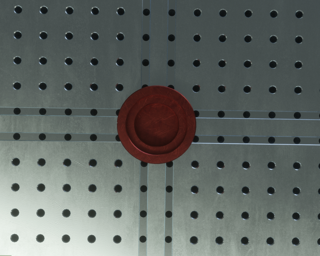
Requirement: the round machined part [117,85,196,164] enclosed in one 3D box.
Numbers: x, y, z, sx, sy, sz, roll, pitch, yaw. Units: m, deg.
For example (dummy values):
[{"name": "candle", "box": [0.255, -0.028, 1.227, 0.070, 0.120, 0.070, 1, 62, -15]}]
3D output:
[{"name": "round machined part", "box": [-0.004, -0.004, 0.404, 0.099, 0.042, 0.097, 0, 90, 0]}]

## Requirement
The expected output is a verbatim retyping of each line from the one with "Numbers: x, y, z, sx, sy, sz, roll, pitch, yaw." to the end of the listing above, with both end lines kept and nothing added.

## Solution to this exercise
Numbers: x, y, z, sx, sy, sz, roll, pitch, yaw. Units: m, deg.
For example (dummy values):
[{"name": "candle", "box": [0.255, -0.028, 1.227, 0.070, 0.120, 0.070, 1, 62, -15]}]
3D output:
[{"name": "round machined part", "box": [-0.004, -0.004, 0.404, 0.099, 0.042, 0.097, 0, 90, 0]}]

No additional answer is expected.